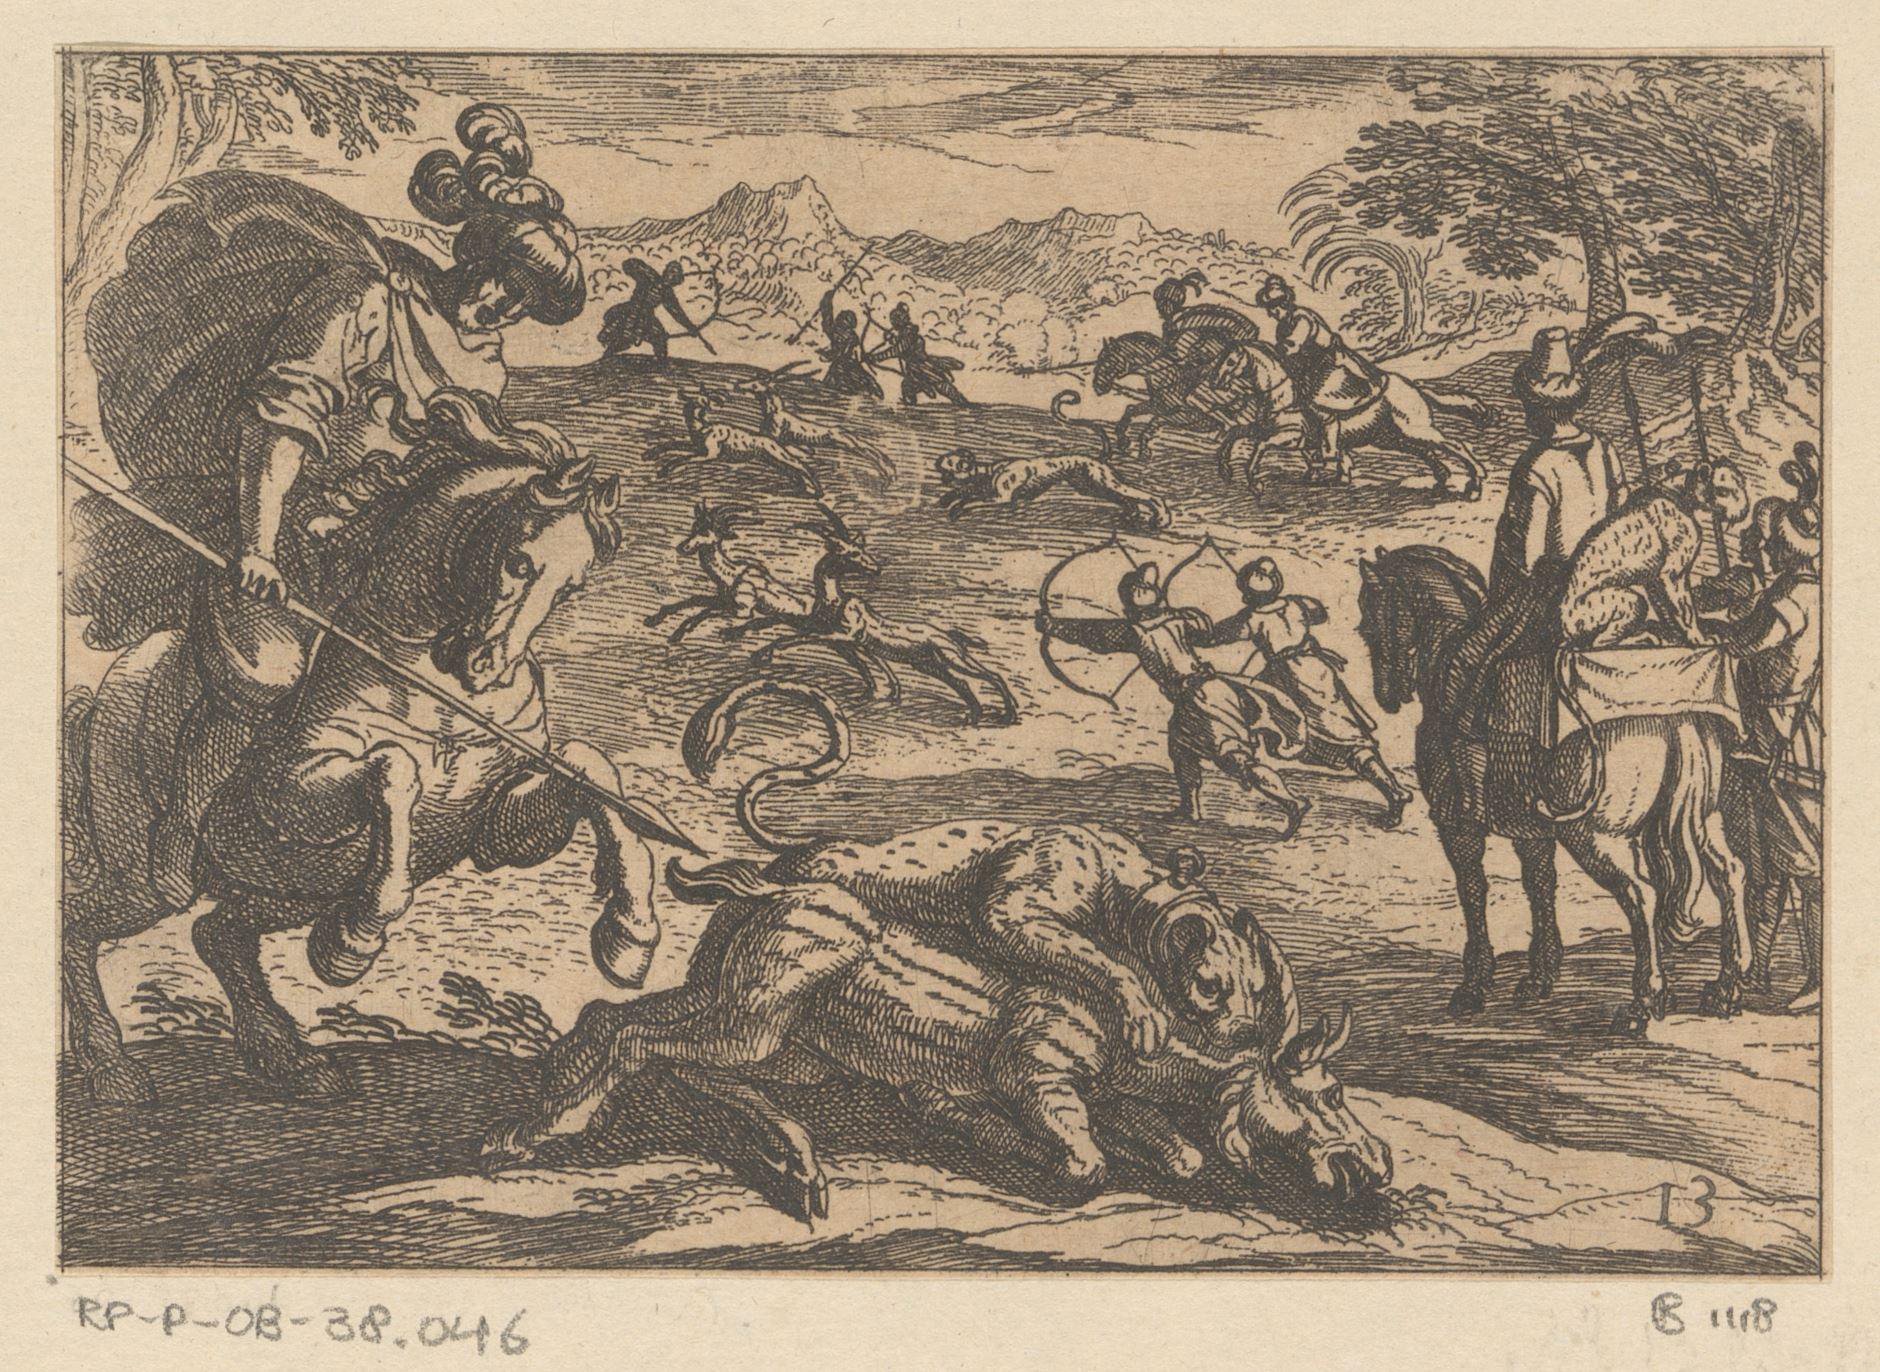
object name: print
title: Jachtscènes (deel 3)
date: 1598
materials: paper
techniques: etching
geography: rome
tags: beasts of prey, predatory animals: leopard, stag-hunting, hunter, hunters hunting (n.b.: in 1988-1990 this notation denoted the concept of 43c11421 'hunters resting during the hunt')
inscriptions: collector's mark: Lugt 240
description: Deze prent maakt deel uit van een reeks van vijftien prenten met jachtscènes (+ opdracht).
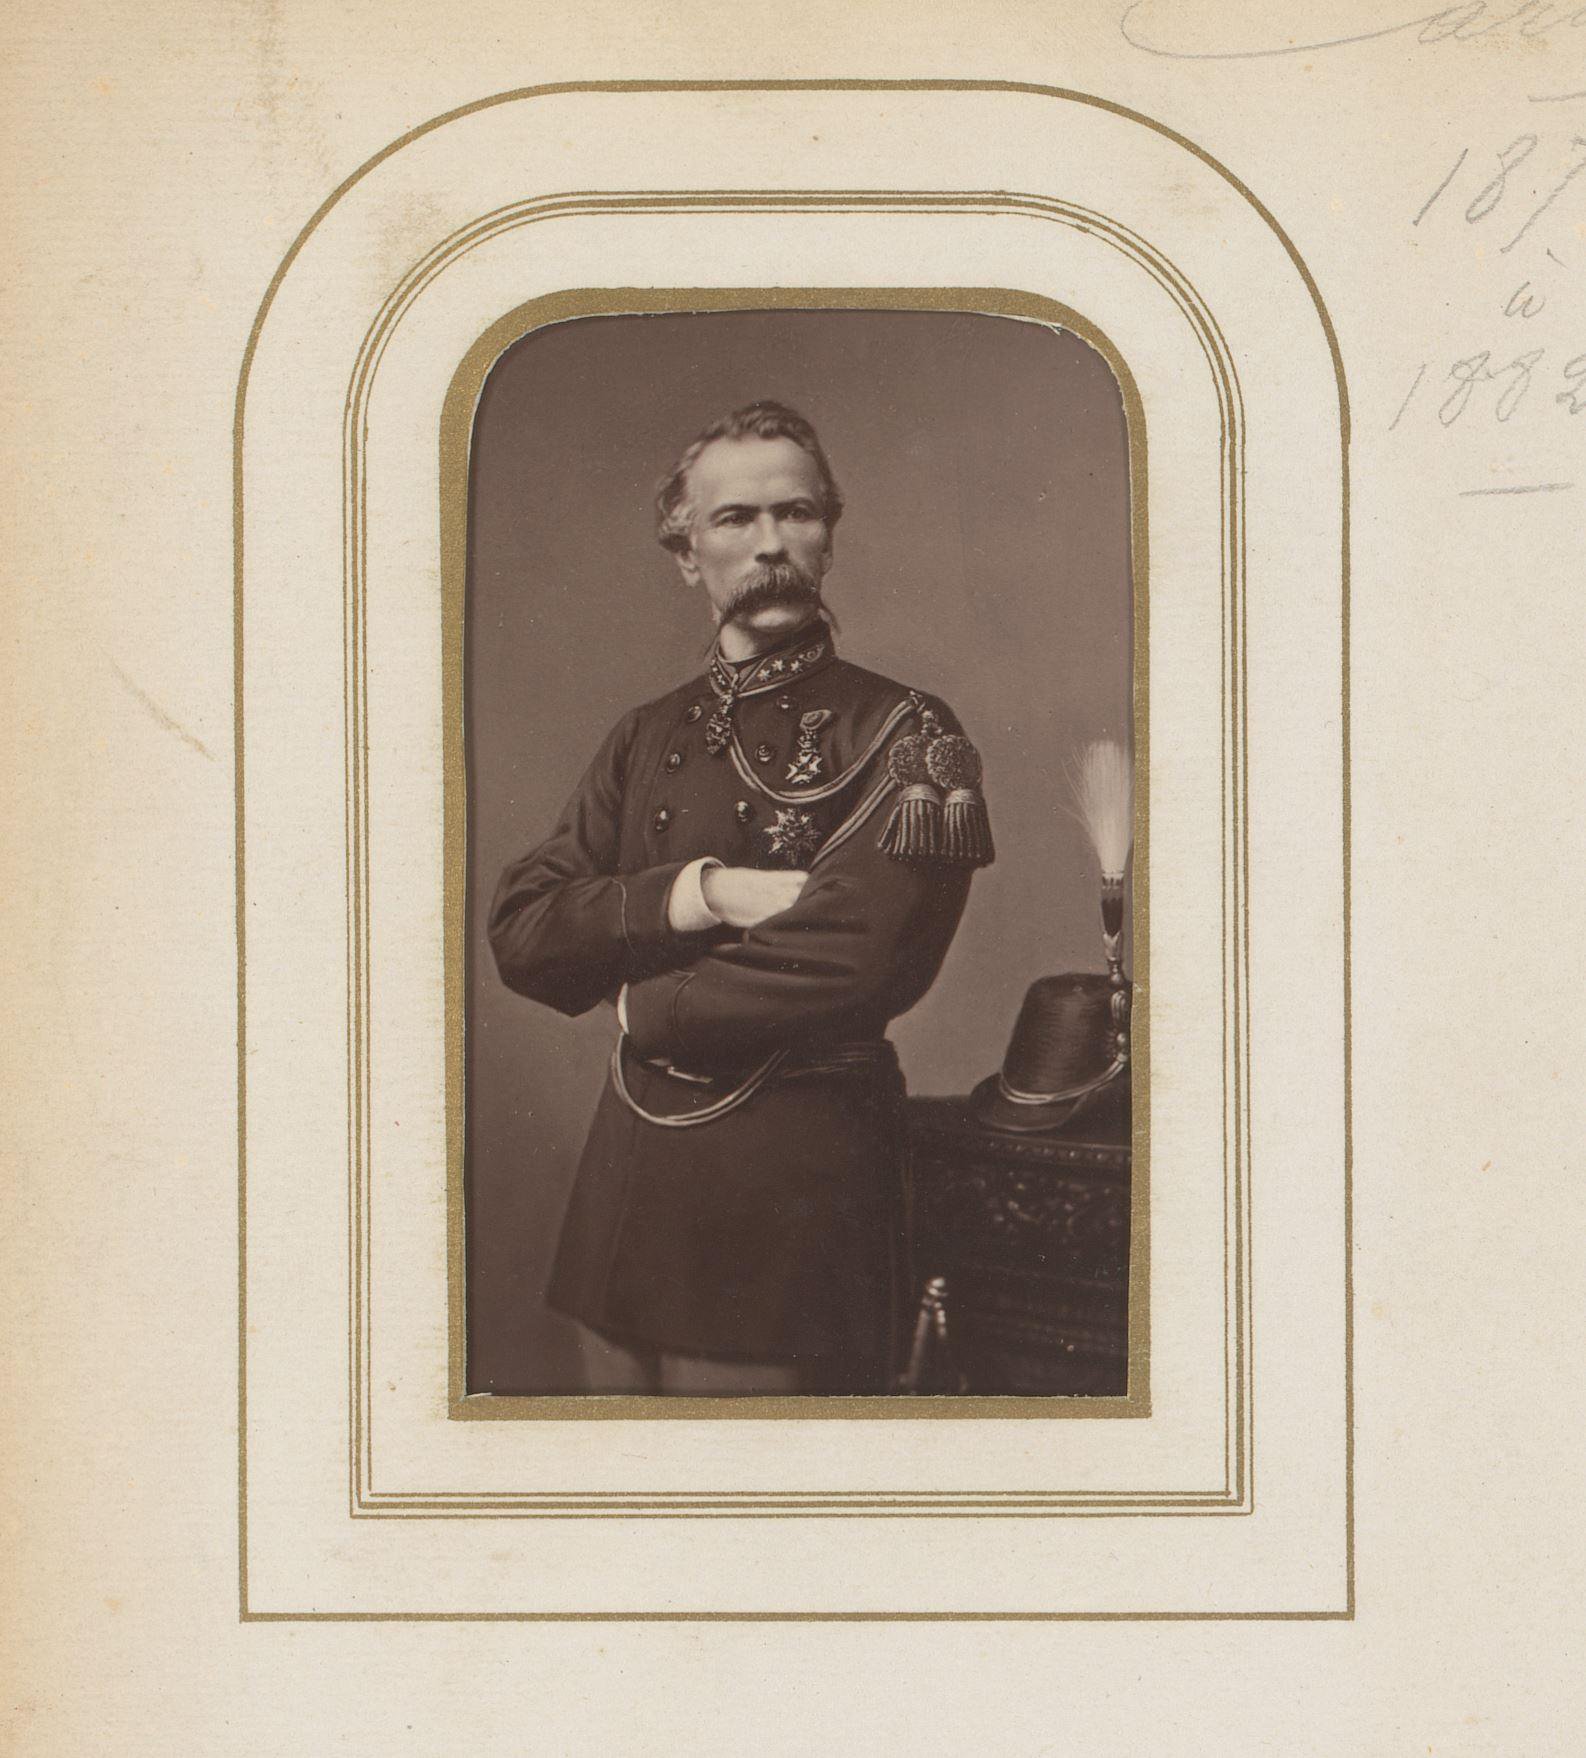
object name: photograph
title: Portret van een man in uniform met snor, vermoedelijke Alexandre Lemoine
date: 1868-1890
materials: cardboard, paper
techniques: carbon print
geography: brussels
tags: alexandre lemoine, moustache, historical persons, hacking and thrusting weapons: sword, (military) uniforms
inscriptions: inscription: ‘procédé inaltérable/ photographie au charbon/ exposition universelle/ Paris 1878/ Géruzet Frères/ Photographes de S.M. la Reine des Belges/ 27b Rue de l'Ecuyer/ Bruxelles’, annotation: ‘Carabiniers/ 1878 à 1882’
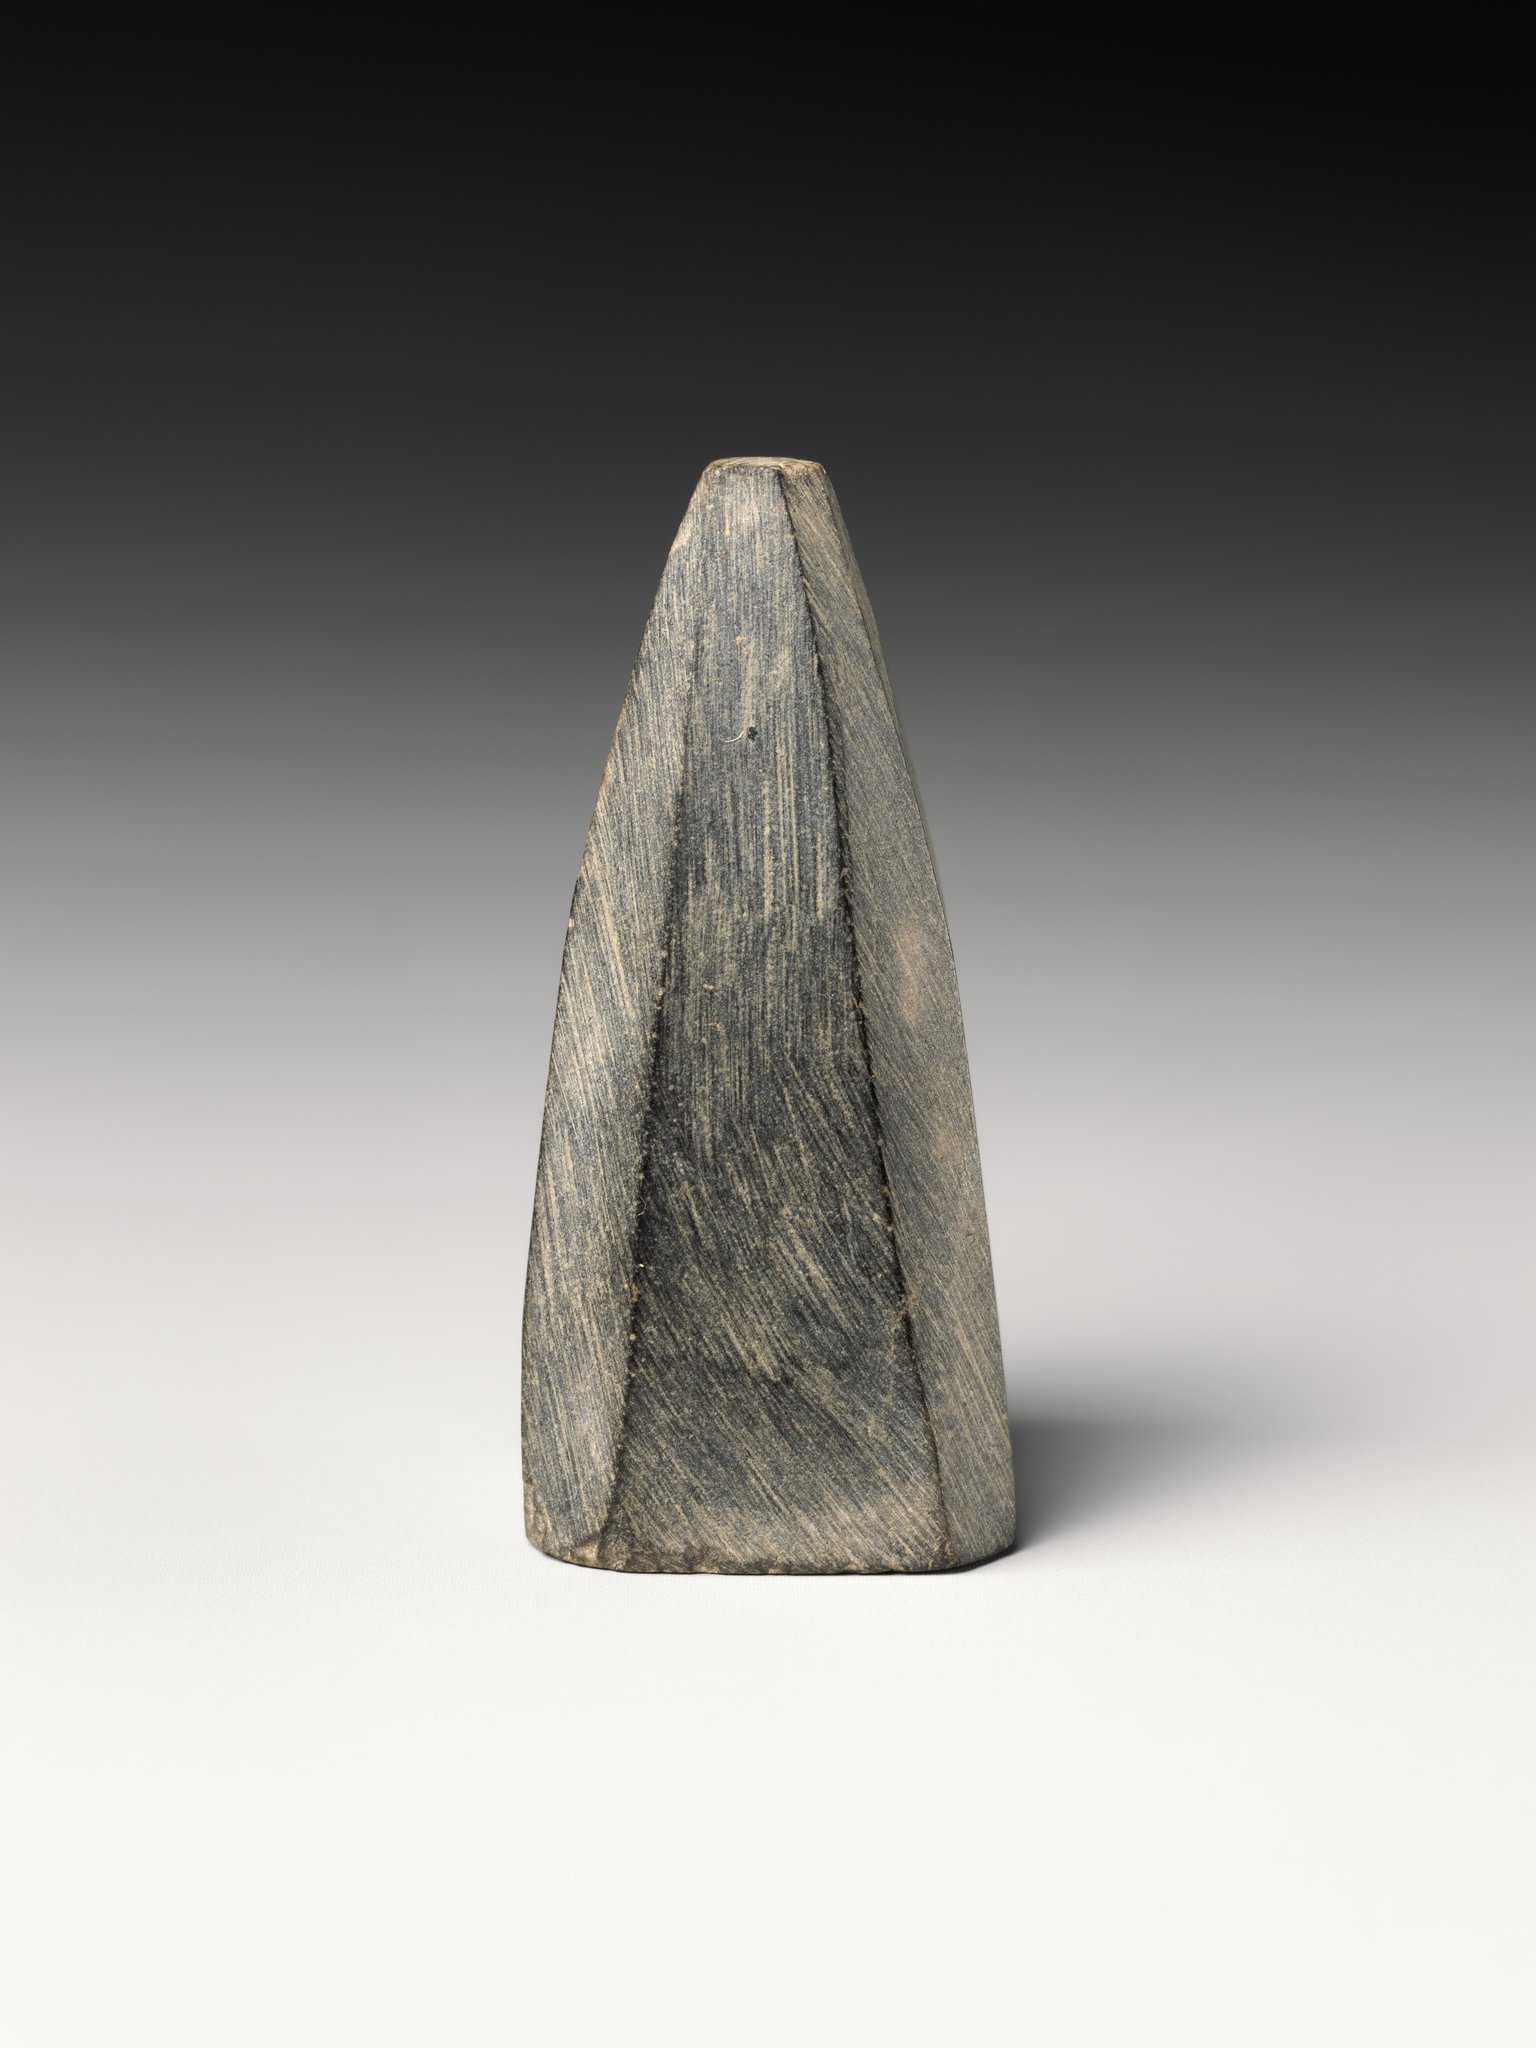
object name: inlay
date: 3100-2900 BCE
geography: mesopotamia
________________________
= WHAT TO PRODUCE =
Would you transcribe the listing above line by line, exactly, leaving every picture out?

= SOLUTION TO THIS PROBLEM =
object name: print
title: Jachtscènes (deel 3)
date: 1598
materials: paper
techniques: etching
geography: rome
tags: beasts of prey, predatory animals: leopard, stag-hunting, hunter, hunters hunting (n.b.: in 1988-1990 this notation denoted the concept of 43c11421 'hunters resting during the hunt')
inscriptions: collector's mark: Lugt 240
description: Deze prent maakt deel uit van een reeks van vijftien prenten met jachtscènes (+ opdracht).
object name: photograph
title: Portret van een man in uniform met snor, vermoedelijke Alexandre Lemoine
date: 1868-1890
materials: cardboard, paper
techniques: carbon print
geography: brussels
tags: alexandre lemoine, moustache, historical persons, hacking and thrusting weapons: sword, (military) uniforms
inscriptions: inscription: ‘procédé inaltérable/ photographie au charbon/ exposition universelle/ Paris 1878/ Géruzet Frères/ Photographes de S.M. la Reine des Belges/ 27b Rue de l'Ecuyer/ Bruxelles’, annotation: ‘Carabiniers/ 1878 à 1882’
object name: inlay
date: 3100-2900 BCE
geography: mesopotamia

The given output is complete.